Tensions Bénin Niger : mohamed toumba exige des garanties à romuald wadagni

Tensions Bénin Niger : mohamed toumba exige des garanties à romuald wadagni
NIAMEY, NIGER – 6 AOÛT : Mohamed Toumba (C), l'une des figures de proue du Conseil national pour la protection de la patrie, assiste à la manifestation des partisans du coup d'État et les salue dans un stade de Niamey, la capitale du Niger, le 6 août 2023. L'ultimatum de sept jours donné par la Communauté économique des États de l'Afrique de l'Ouest (CEDEAO) à la junte militaire le 30 juillet pour la libération et la réintégration du président Mohamed Bazum expire avant minuit.

Les dernières déclarations du général Mohamed Toumba, ministre de l’Intérieur de la junte nigérienne, ont mis en lumière les tensions persistantes entre le Niger et le Bénin. Lors d’un entretien télévisé diffusé le 21 avril sur la RTN, il a abordé divers sujets, dont la sécurité régionale et les relations diplomatiques entre Niamey et Cotonou.

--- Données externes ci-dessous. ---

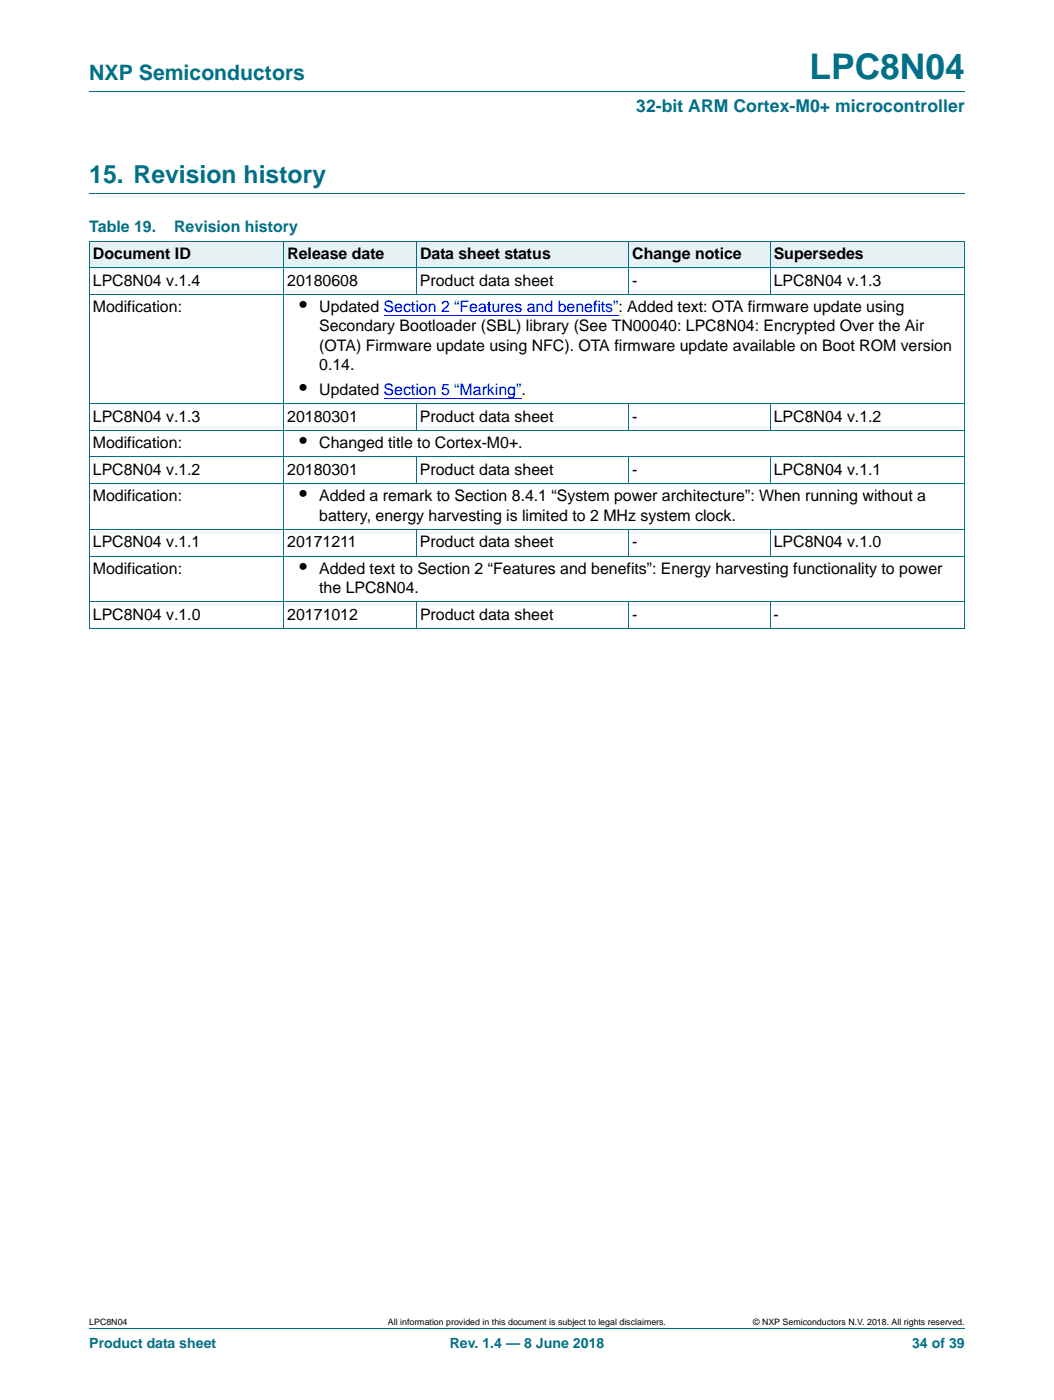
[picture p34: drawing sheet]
<svg xmlns="http://www.w3.org/2000/svg" width="210mm" height="279mm" viewBox="0 0 210 279" stroke-linecap="round" stroke-linejoin="round" font-family="sans-serif">
<defs><g id="words">
<text font-size="7" fill="#007088" x="161.5" y="15.8">LPC8N04</text>
<text font-size="4.9" fill="#007088" x="17.8" y="36.6">15. Revision history</text>
<text font-size="4.2" fill="#007088" x="17.8" y="16">NXP Semiconductors</text>
<g font-size="4.2">
<text x="59.8" y="62.3">•</text>
<text x="59.8" y="78.8">•</text>
<text x="59.8" y="89.4">•</text>
<text x="59.8" y="100">•</text>
<text x="59.8" y="114.5">•</text>
</g>
<text font-size="3.5" fill="#007088" x="126.9" y="22.3">32-bit ARM Cortex-M0+ microcontroller</text>
<g font-size="3.2" fill="#007088">
<text x="17.8" y="46.4">Table 19.</text>
<text x="34.7" y="46.4">Revision history</text>
</g>
<g font-size="3.2">
<text x="18.5" y="51.7">Document ID</text>
<text x="57.3" y="51.7">Release date</text>
<text x="83.8" y="51.7">Data sheet status</text>
<text x="126.1" y="51.7">Change notice</text>
<text x="154.3" y="51.7">Supersedes</text>
<text x="18.5" y="57">LPC8N04 v.1.4</text>
<text x="57.3" y="57">20180608</text>
<text x="83.8" y="57">Product data sheet</text>
<text x="126.1" y="57">-</text>
<text x="154.3" y="57">LPC8N04 v.1.3</text>
<text x="18.5" y="62.3">Modification:</text>
<text x="63.7" y="62.3">Updated Section 2 “Features and benefits”: Added text: OTA firmware update using</text>
<text x="63.7" y="66.1">Secondary Bootloader (SBL) library (See TN00040: LPC8N04: Encrypted Over the Air</text>
<text x="63.7" y="70">(OTA) Firmware update using NFC). OTA firmware update available on Boot ROM version</text>
<text x="63.7" y="73.9">0.14.</text>
<text x="63.7" y="78.8">Updated Section 5 “Marking”.</text>
<text x="18.5" y="84.1">LPC8N04 v.1.3</text>
<text x="18.5" y="89.4">Modification:</text>
<text x="57.3" y="84.1">20180301</text>
<text x="63.7" y="89.4">Changed title to Cortex-M0+.</text>
<text x="83.8" y="84.1">Product data sheet</text>
<text x="126.1" y="84.1">-</text>
<text x="154.3" y="84.1">LPC8N04 v.1.2</text>
<text x="18.5" y="94.7">LPC8N04 v.1.2</text>
<text x="57.3" y="94.7">20180301</text>
<text x="83.8" y="94.7">Product data sheet</text>
<text x="126.1" y="94.7">-</text>
<text x="154.3" y="94.7">LPC8N04 v.1.1</text>
<text x="18.5" y="100">Modification:</text>
<text x="63.7" y="100">Added a remark to Section 8.4.1 “System power architecture”: When running without a</text>
<text x="63.7" y="103.9">battery, energy harvesting is limited to 2 MHz system clock.</text>
<text x="18.5" y="109.2">LPC8N04 v.1.1</text>
<text x="57.3" y="109.2">20171211</text>
<text x="83.8" y="109.2">Product data sheet</text>
<text x="126.1" y="109.2">-</text>
<text x="154.3" y="109.2">LPC8N04 v.1.0</text>
<text x="18.5" y="114.5">Modification:</text>
<text x="63.7" y="114.5">Added text to Section 2 “Features and benefits”: Energy harvesting functionality to power</text>
<text x="63.7" y="118.4">the LPC8N04.</text>
<text x="18.5" y="123.7">LPC8N04 v.1.0</text>
<text x="57.3" y="123.7">20171012</text>
<text x="83.8" y="123.7">Product data sheet</text>
<text x="126.1" y="123.7">-</text>
<text x="154.3" y="123.7">-</text>
</g>
<g font-size="2.8" fill="#007088">
<text x="17.8" y="269.1">Product data sheet</text>
<text x="89.7" y="269.1">Rev. 1.4 — 8 June 2018</text>
<text x="181.9" y="269.1">34 of 39</text>
</g>
<g font-size="1.8">
<text x="17.8" y="264.5">LPC8N04</text>
<text x="77.4" y="264.5">All information provided in this document is subject to legal disclaimers.</text>
<text x="150.2" y="264.5">© NXP Semiconductors N.V. 2018. All rights reserved.</text>
</g>
</g></defs>
<path d="M17.8 18.2h174.6M17.8 38.6h174.6M17.8 265.1h174.6" fill="none" stroke="#007088" stroke-width=".2"/>
<g fill="#e6f1f4">
<path d="M17.8 48.2h38.8v5.2h-38.8z"/>
<path d="M56.6 48.2h26.5v5.2h-26.5z"/>
<path d="M83.1 48.2h42.3v5.2h-42.3z"/>
<path d="M125.4 48.2h28.2v5.2h-28.2z"/>
<path d="M153.6 48.2h38.8v5.2h-38.8z"/>
</g>
<path d="M76.5 63h45.8" fill="none" stroke="#00f" stroke-width=".2"/>
<path d="M122.3 62.9h1.1v.2h-1.1z" fill="#00f"/>
<path d="M76.5 79.5h26.5" fill="none" stroke="#00f" stroke-width=".2"/>
<path d="M103 79.5h1v.1h-1z" fill="#00f"/>
<g fill="none" stroke="#007088" stroke-width=".2">
<path d="M17.8 48.2h174.7M17.8 53.5h174.7M17.8 58.7h174.7M17.8 48.2v77.2M56.6 48.1v77.4M83.1 48.1v10.7M125.4 48.1v10.7M153.7 48.1v10.7M192.5 48.2v77.2M17.8 80.6h174.7M17.8 85.9h174.7M17.8 91.2h174.7"/>
<path d="M17.8 96.5h174.7M83.1 80.6v5.3M83.1 91.2v5.3M125.4 80.6v5.3M125.4 91.2v5.3M153.7 80.6v5.3M153.7 91.2v5.3M17.8 105.7h174.7M17.8 111h174.7M83.1 105.6v5.4M125.4 105.6v5.4M153.7 105.6v5.4"/>
<path d="M17.8 120.1h174.7M17.8 125.4h174.7M83.1 120.1v5.4M125.4 120.1v5.4M153.7 120.1v5.4"/>
</g>
<use href="#words"/>
</svg>

Des accusations ciblées contre la France et le Bénin

Dans ce contexte, le général Mohamed Toumba a pointé du doigt la France, qu’il accuse d’utiliser le Bénin comme base pour des actions hostiles contre le Niger. « Patrice Talon n’était pas le vrai problème, c’est Emmanuel Macron », a-t-il affirmé. Selon lui, l’ancien président béninois aurait facilité l’implantation des forces françaises sur son territoire, permettant ainsi des attaques contre son pays.

Face à l’élection prochaine de Romuald Wadagni, successeur de Patrice Talon, le général nigérien a exigé des preuves concrètes de sa part. Il a réclamé que le Bénin « dise clairement qu’il ne soutient pas les intérêts français » et qu’il « ne serve plus de plateforme pour des agressions contre ses voisins ».

Un héritage de tensions et d’accusations

Les relations entre le Niger et le Bénin se sont fortement dégradées depuis le coup d’État du général Abdourahamane Tiani en juillet 2023. Les accusations de soutien à des mercenaires ou à des groupes armés se sont multipliées, notamment après l’attaque de la Base 101 à Niamey en janvier 2024. Le président nigérien avait alors menacé ses voisins, déclarant : « Nous avons assez écouté leurs aboiements, ils vont maintenant nous entendre rugir. »

Ces propos reflètent une volonté de fermeté de la part de Niamey, qui n’a pas hésité à pointer du doigt la France, la Côte d’Ivoire et le Bénin comme complices de ces attaques.

Romuald Wadagni entre apaisement et défis régionaux

Élu avec 94 % des voix lors de la présidentielle du 12 avril, Romuald Wadagni a fait part de sa volonté de dialoguer avec le Niger. « Nous devons nous asseoir et discuter, il n’y a pas d’autre choix », avait-il déclaré en mars. Il a également souligné la nécessité d’une coopération renforcée entre les pays de la région pour relever les défis communs : sécurité, pauvreté et chômage des jeunes.

Cependant, malgré ces déclarations optimistes, le général Mohamed Toumba reste sceptique. Il a rappelé que la coopération sécuritaire entre le Bénin, le Niger et le Burkina Faso n’est « pas encore à la hauteur des attentes ».

Alors que l’investiture de Romuald Wadagni approche, prévue pour le 24 mai, les attentes sont fortes. Les prochaines semaines seront déterminantes pour savoir si le nouveau président béninois parviendra à apaiser les tensions avec Niamey ou si la crise persistera.